If you were to ask me by the end of the week what I had written about in this column at the beginning I would probably look blank, fumble desperately through a foggy recollection of plays, news items, snatches of interviews and then reply, ‘I’ve no idea.’ This business of forgetting so soon what was once so clear in the mind is, says Francis O’Gorman in this week’s The Essay on Radio 3 (produced by Lisa Needham), very much part of our modern world. Too much information to take in, too little time to process it. The result, too much forgetting.

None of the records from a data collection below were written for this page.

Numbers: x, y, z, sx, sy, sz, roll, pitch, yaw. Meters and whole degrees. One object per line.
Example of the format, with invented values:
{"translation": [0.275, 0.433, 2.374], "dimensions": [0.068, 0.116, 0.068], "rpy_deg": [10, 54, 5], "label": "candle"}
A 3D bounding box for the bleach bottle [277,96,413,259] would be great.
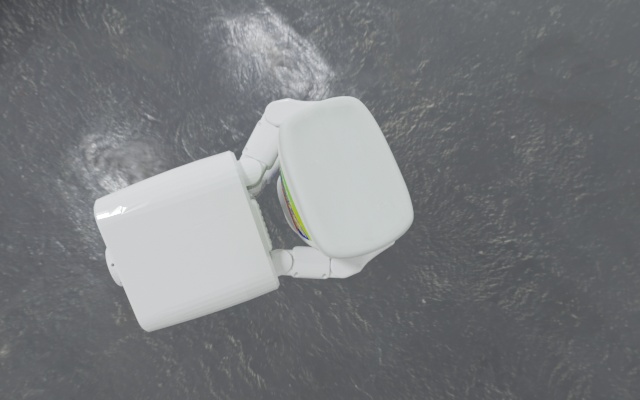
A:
{"translation": [0.000, 0.001, 0.409], "dimensions": [0.068, 0.102, 0.251], "rpy_deg": [-21, -6, -9], "label": "bleach bottle"}
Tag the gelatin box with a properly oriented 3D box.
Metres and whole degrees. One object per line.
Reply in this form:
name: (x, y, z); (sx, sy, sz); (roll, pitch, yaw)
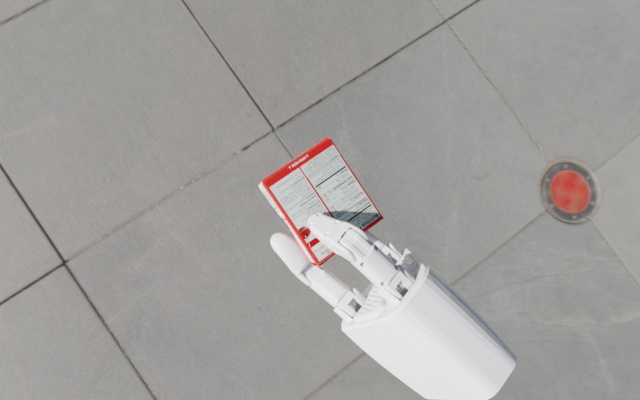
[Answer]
gelatin box: (0.000, 0.001, 0.420); (0.073, 0.089, 0.030); (-35, 5, -14)
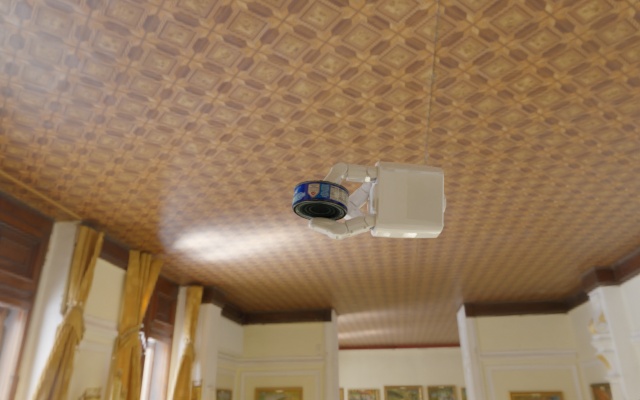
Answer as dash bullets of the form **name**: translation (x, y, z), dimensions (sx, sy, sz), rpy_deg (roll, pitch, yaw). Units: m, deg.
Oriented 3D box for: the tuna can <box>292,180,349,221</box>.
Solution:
- **tuna can**: translation (0.000, 0.003, 0.727), dimensions (0.086, 0.033, 0.086), rpy_deg (5, -23, 2)
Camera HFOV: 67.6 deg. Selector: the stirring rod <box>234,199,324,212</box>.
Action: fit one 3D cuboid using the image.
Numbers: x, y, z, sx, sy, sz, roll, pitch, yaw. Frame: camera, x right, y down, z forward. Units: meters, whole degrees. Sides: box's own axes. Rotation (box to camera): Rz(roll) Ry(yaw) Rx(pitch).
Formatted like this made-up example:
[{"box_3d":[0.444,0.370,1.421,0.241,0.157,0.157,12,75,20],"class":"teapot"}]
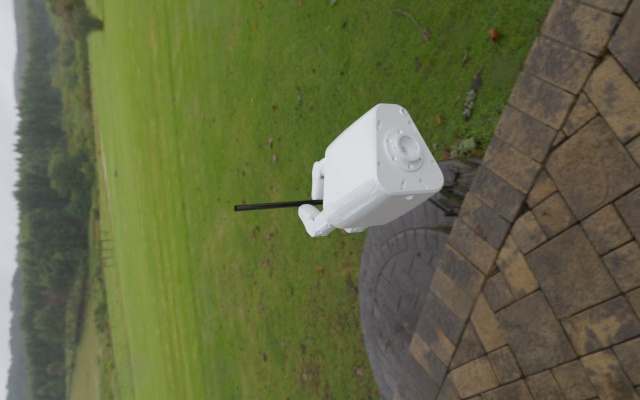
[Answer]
[{"box_3d":[0.000,0.002,0.644,0.239,0.011,0.011,-4,2,-30],"class":"stirring rod"}]
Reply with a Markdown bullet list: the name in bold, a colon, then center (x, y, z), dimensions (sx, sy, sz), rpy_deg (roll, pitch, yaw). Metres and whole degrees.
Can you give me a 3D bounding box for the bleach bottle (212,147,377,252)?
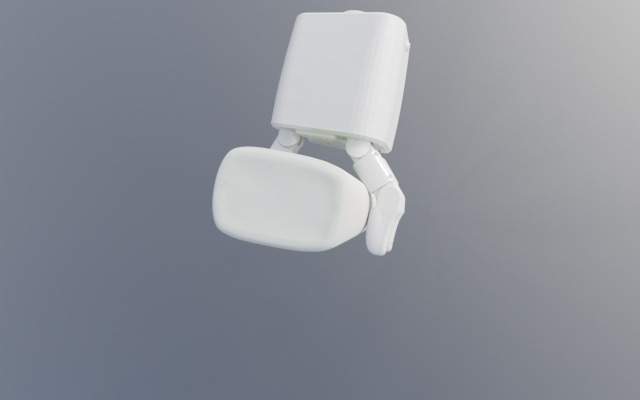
- **bleach bottle**: center (0.000, 0.002, 0.449), dimensions (0.102, 0.068, 0.251), rpy_deg (11, 2, 13)

It’s virtually impossible to remember what you once put down as ‘your favourite meal’ on an online shopping site. Almost guaranteed that you will forget to take the only thing you really need for a train journey, your ticket, when you’ve also got to gather up a bag, key, wallet, laptop, phone, umbrella and noise-cancelling headphones for use in the ‘quiet’ carriage. So much stuff. Not only that. We’re encouraged all the time to think ahead, make a plan, update and innovate. Are we, asks O’Gorman, privileging the future over the past and thereby devaluing and demoting our memories?
Dostoevsky, he revealed, once wrote in a letter to a friend that he had recently read through his own novel Crime and Punishment. Two thirds of it was completely unfamiliar to him. He had written an unforgettable story about remembering (Raskolnikov working through his guilt) but forgotten most of it himself.
One of those snatches of conversation that I won’t forget in a while (I hope) is Christina Lamb, the foreign correspondent, talking to Kirsty Young on Desert Island Discs (produced by Cathy Drysdale). It was extraordinary to realise that Lamb was just 21 and fresh out of Oxford when she was taken on by the Financial Times to report back from the Afghan border.